Different route types in the IPv6 routing table
- Default route (::/0)
A static route used by all traffic that has a destination network not reachable through any other IPv6 route in the routing table.
- Directly connected routes
Destinations on the router itself. One route is automatically entered per configured IPv6 interface. Each such route is automatically assigned an administrative distance of "0" and a metric of "1". Directly connected routes include:
- IP routing interface
Where the routing switch is connected to a next-hop router on the same interface, a route is automatically entered for the network on which the IP routing is configured. This includes destinations for both global unicast and link-local addresses configured on the routing switch for that interface.
- Manually configured IPv6 loopback interfaces
IPv6 loopback interfaces that are manually configured.
- Loopback route
A static IPv6 route automatically created in the routing table for use if other routes to a destination are not available. The gateway is a loopback interface (lo0) and the destination is ::1/128.

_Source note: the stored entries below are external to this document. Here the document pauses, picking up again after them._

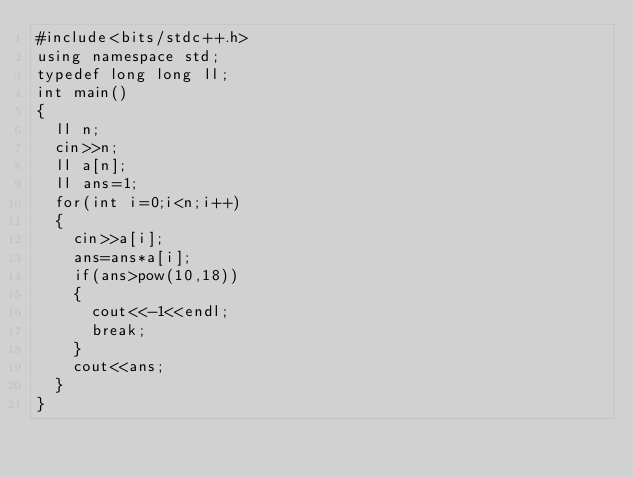Convert code to text. <code><loc_0><loc_0><loc_500><loc_500><_C++_>#include<bits/stdc++.h>
using namespace std;
typedef long long ll;
int main()
{
  ll n;
  cin>>n;
  ll a[n];
  ll ans=1;
  for(int i=0;i<n;i++)
  {
    cin>>a[i];
    ans=ans*a[i];
    if(ans>pow(10,18))
    {
      cout<<-1<<endl;
      break;
    }
    cout<<ans;
  }
}</code> 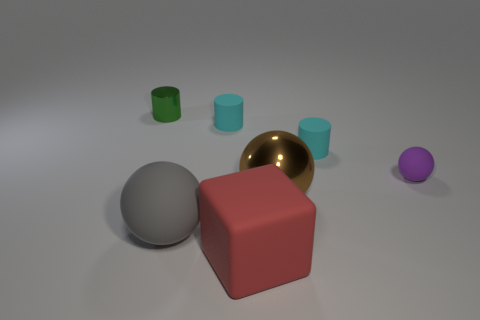Add 1 gray cylinders. How many objects exist? 8 Subtract all blocks. How many objects are left? 6 Add 6 large purple cubes. How many large purple cubes exist? 6 Subtract 0 cyan spheres. How many objects are left? 7 Subtract all big gray rubber spheres. Subtract all small purple rubber spheres. How many objects are left? 5 Add 7 large gray rubber things. How many large gray rubber things are left? 8 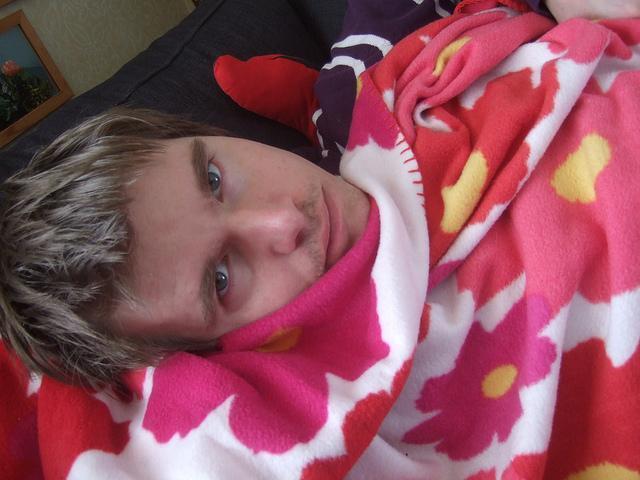How many birds are here?
Give a very brief answer. 0. 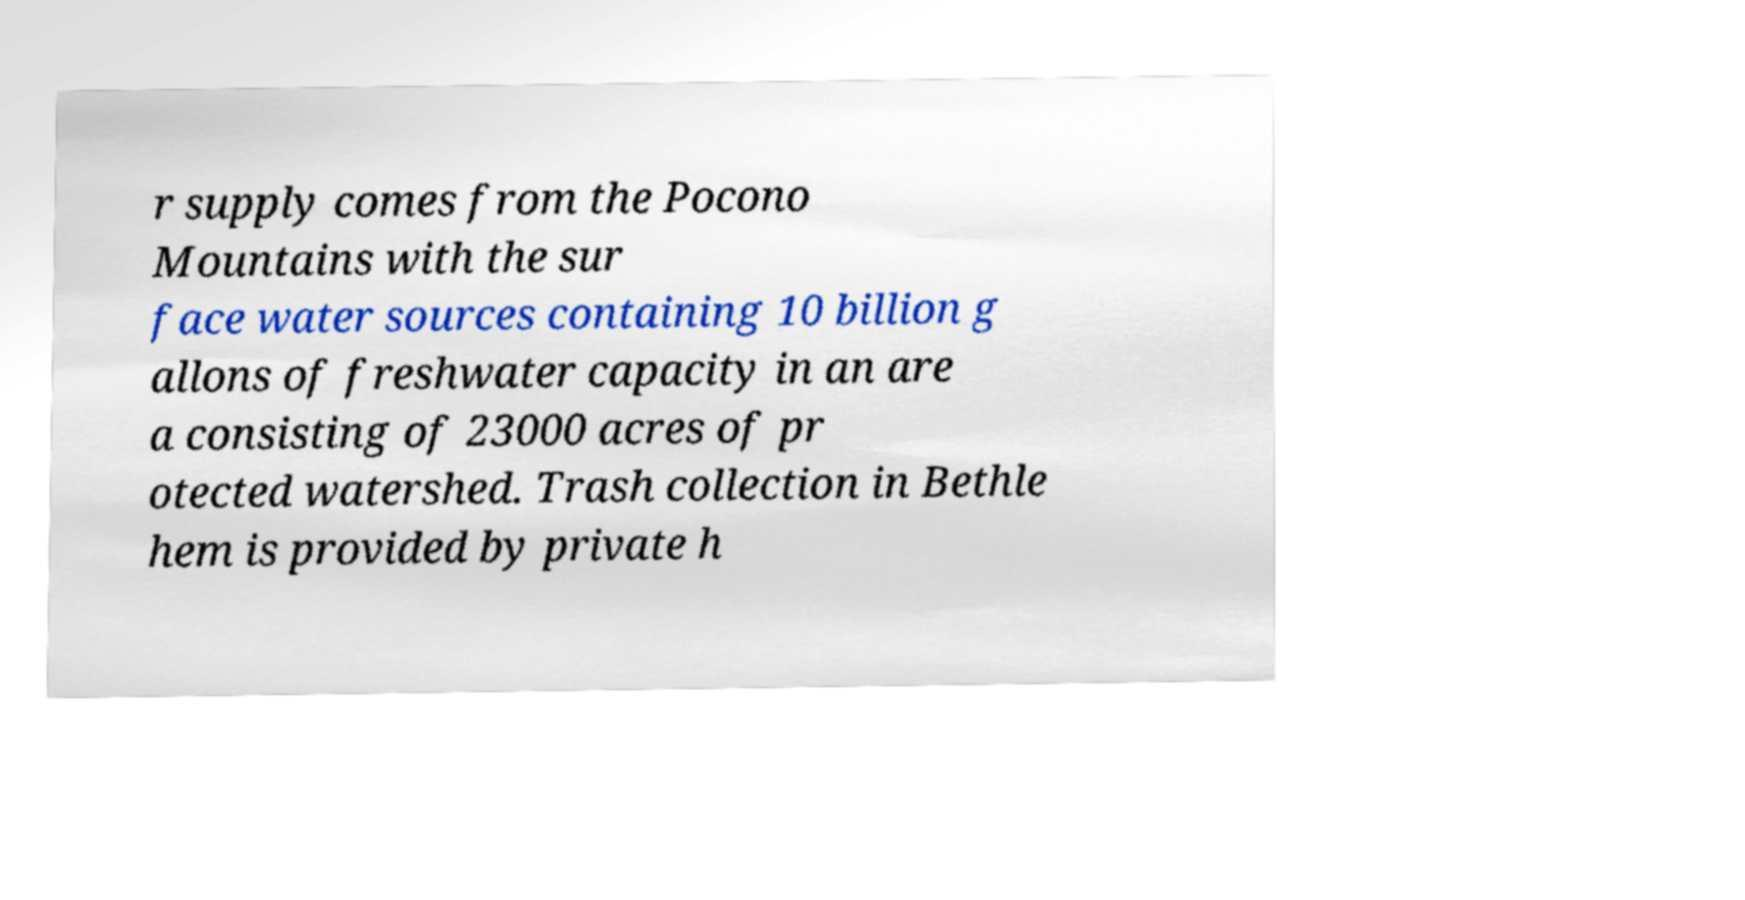Can you read and provide the text displayed in the image?This photo seems to have some interesting text. Can you extract and type it out for me? r supply comes from the Pocono Mountains with the sur face water sources containing 10 billion g allons of freshwater capacity in an are a consisting of 23000 acres of pr otected watershed. Trash collection in Bethle hem is provided by private h 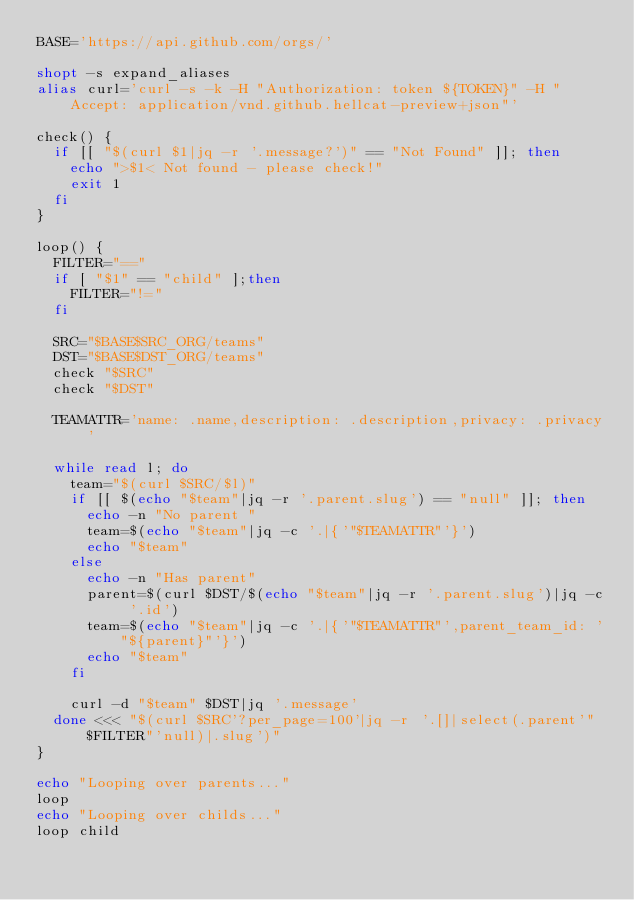Convert code to text. <code><loc_0><loc_0><loc_500><loc_500><_Bash_>BASE='https://api.github.com/orgs/'

shopt -s expand_aliases
alias curl='curl -s -k -H "Authorization: token ${TOKEN}" -H "Accept: application/vnd.github.hellcat-preview+json"'

check() {
  if [[ "$(curl $1|jq -r '.message?')" == "Not Found" ]]; then
    echo ">$1< Not found - please check!"
    exit 1
  fi
}

loop() {
  FILTER="=="
  if [ "$1" == "child" ];then
    FILTER="!="
  fi

  SRC="$BASE$SRC_ORG/teams"
  DST="$BASE$DST_ORG/teams"
  check "$SRC"
  check "$DST"
  
  TEAMATTR='name: .name,description: .description,privacy: .privacy'

  while read l; do
    team="$(curl $SRC/$l)"
    if [[ $(echo "$team"|jq -r '.parent.slug') == "null" ]]; then
      echo -n "No parent "
      team=$(echo "$team"|jq -c '.|{'"$TEAMATTR"'}')
      echo "$team"
    else
      echo -n "Has parent"
      parent=$(curl $DST/$(echo "$team"|jq -r '.parent.slug')|jq -c '.id')
      team=$(echo "$team"|jq -c '.|{'"$TEAMATTR"',parent_team_id: '"${parent}"'}')
      echo "$team"
    fi
    
    curl -d "$team" $DST|jq '.message'
  done <<< "$(curl $SRC'?per_page=100'|jq -r '.[]|select(.parent'"$FILTER"'null)|.slug')"
}

echo "Looping over parents..."
loop
echo "Looping over childs..."
loop child
</code> 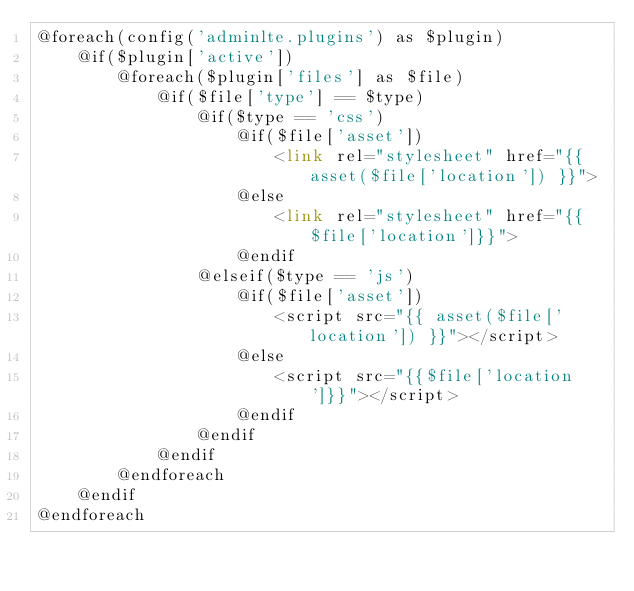Convert code to text. <code><loc_0><loc_0><loc_500><loc_500><_PHP_>@foreach(config('adminlte.plugins') as $plugin)
    @if($plugin['active'])
        @foreach($plugin['files'] as $file)
            @if($file['type'] == $type)
                @if($type == 'css')
                    @if($file['asset'])
                        <link rel="stylesheet" href="{{ asset($file['location']) }}">
                    @else
                        <link rel="stylesheet" href="{{$file['location']}}">
                    @endif
                @elseif($type == 'js')
                    @if($file['asset'])
                        <script src="{{ asset($file['location']) }}"></script>
                    @else
                        <script src="{{$file['location']}}"></script>
                    @endif
                @endif
            @endif
        @endforeach
    @endif
@endforeach
</code> 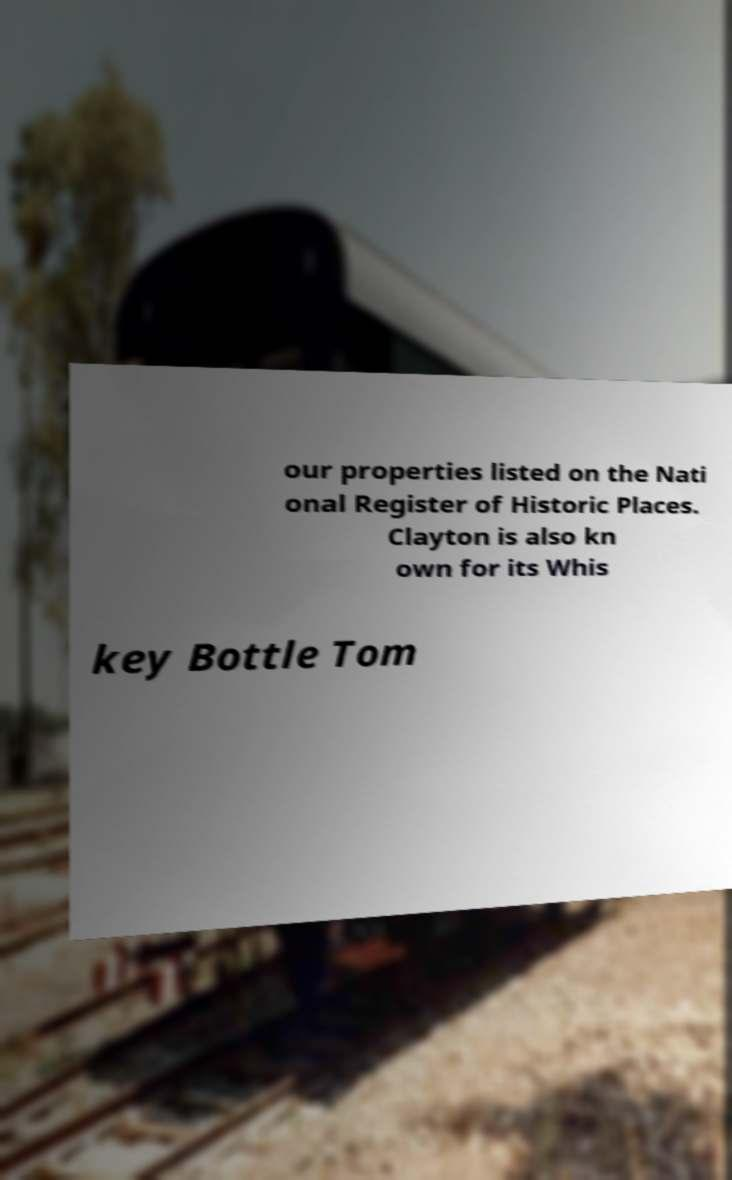I need the written content from this picture converted into text. Can you do that? our properties listed on the Nati onal Register of Historic Places. Clayton is also kn own for its Whis key Bottle Tom 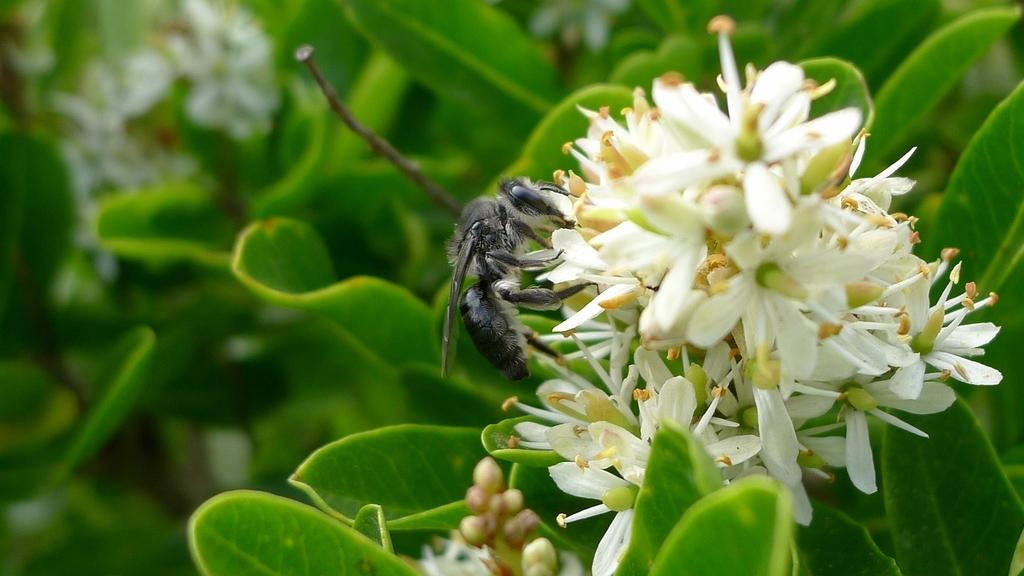What types of living organisms can be seen in the image? Plants and flowers are visible in the image. Are there any other living organisms present in the image? Yes, there is an insect in the image. What type of cheese can be seen in the image? There is no cheese present in the image. What can be used to cut the flowers in the image? There are no scissors or any cutting tools present in the image. 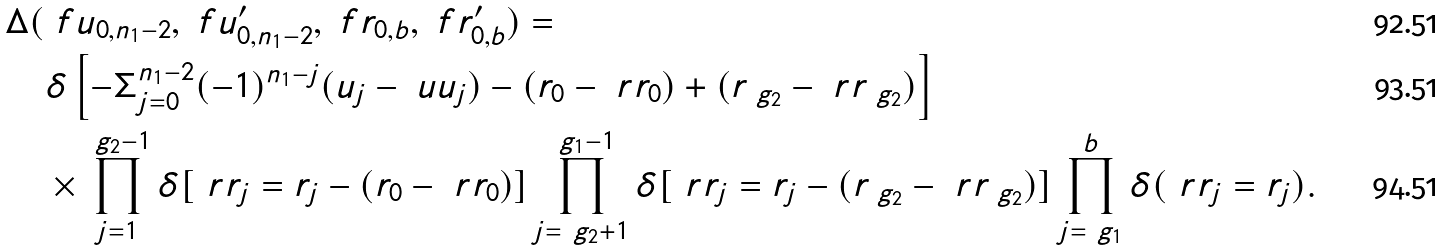<formula> <loc_0><loc_0><loc_500><loc_500>\Delta ( & \ f u _ { 0 , n _ { 1 } - 2 } , \ f u ^ { \prime } _ { 0 , n _ { 1 } - 2 } , \ f r _ { 0 , b } , \ f r ^ { \prime } _ { 0 , b } ) = \\ & \delta \left [ - \Sigma _ { j = 0 } ^ { n _ { 1 } - 2 } ( - 1 ) ^ { n _ { 1 } - j } ( u _ { j } - \ u u _ { j } ) - ( r _ { 0 } - \ r r _ { 0 } ) + ( r _ { \ g _ { 2 } } - \ r r _ { \ g _ { 2 } } ) \right ] \\ & \times \prod _ { j = 1 } ^ { \ g _ { 2 } - 1 } \delta [ \ r r _ { j } = r _ { j } - ( r _ { 0 } - \ r r _ { 0 } ) ] \prod _ { j = \ g _ { 2 } + 1 } ^ { \ g _ { 1 } - 1 } \delta [ \ r r _ { j } = r _ { j } - ( r _ { \ g _ { 2 } } - \ r r _ { \ g _ { 2 } } ) ] \prod _ { j = \ g _ { 1 } } ^ { b } \delta ( \ r r _ { j } = r _ { j } ) .</formula> 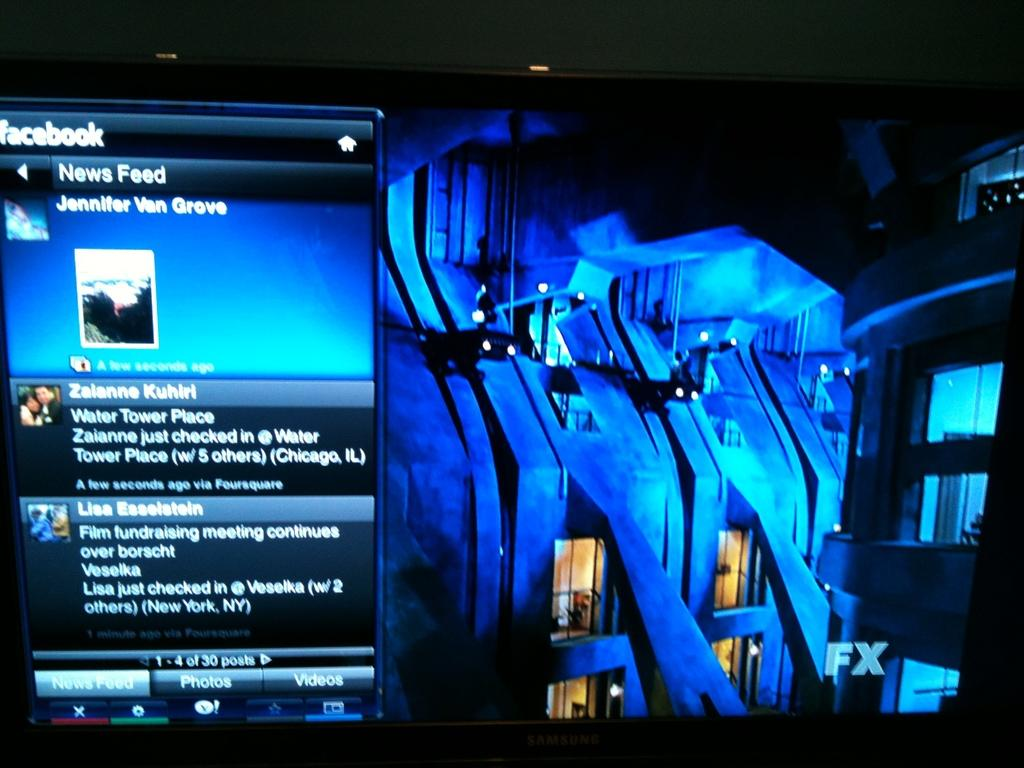<image>
Provide a brief description of the given image. A large screen with a facebook news feed on the left side. 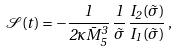Convert formula to latex. <formula><loc_0><loc_0><loc_500><loc_500>\mathcal { S } ( t ) = - \frac { 1 } { 2 \kappa \bar { M } _ { 5 } ^ { 3 } } \, \frac { 1 } { \tilde { \sigma } } \, \frac { I _ { 2 } ( \tilde { \sigma } ) } { I _ { 1 } ( \tilde { \sigma } ) } \, ,</formula> 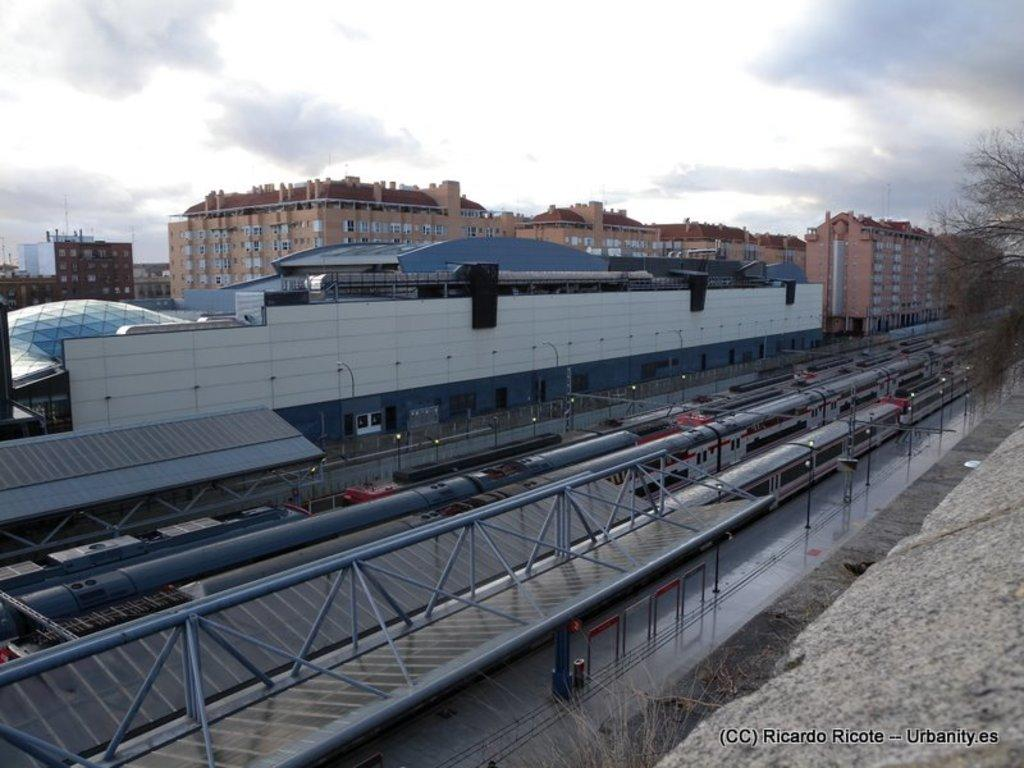What type of vehicles can be seen in the image? There are trains in the image. What is located beside the trains? There is a platform beside the trains. What structure is visible above the trains? There is a roof visible in the image. What type of infrastructure is present in the image? Electric poles are present in the image. What type of barrier is present in the image? There is a fence in the image. What type of natural elements are visible in the image? Trees are visible in the image. What type of structures can be seen in the background of the image? There are buildings in the background of the image. What part of the natural environment is visible in the background of the image? The sky is visible in the background of the image. What type of lamp is hanging from the train in the image? There is no lamp hanging from the train in the image.

- Statically configured routes
On a given routing switch, one static route can be configured directly into the routing table for each destination. In the default configuration, administrative distance and route metric are both "1". See ipv6-gateway-addr.
- OSPFv3
If OSPFv3 is enabled, the routing switch learns of routes from the advertisements other OSPFv3 routers transmit. If the OSPFv3 route has a lower administrative distance than any other routes from different sources to the same destination, the routing switch places the route in the IPv6 route table. See Metric and administrative distance.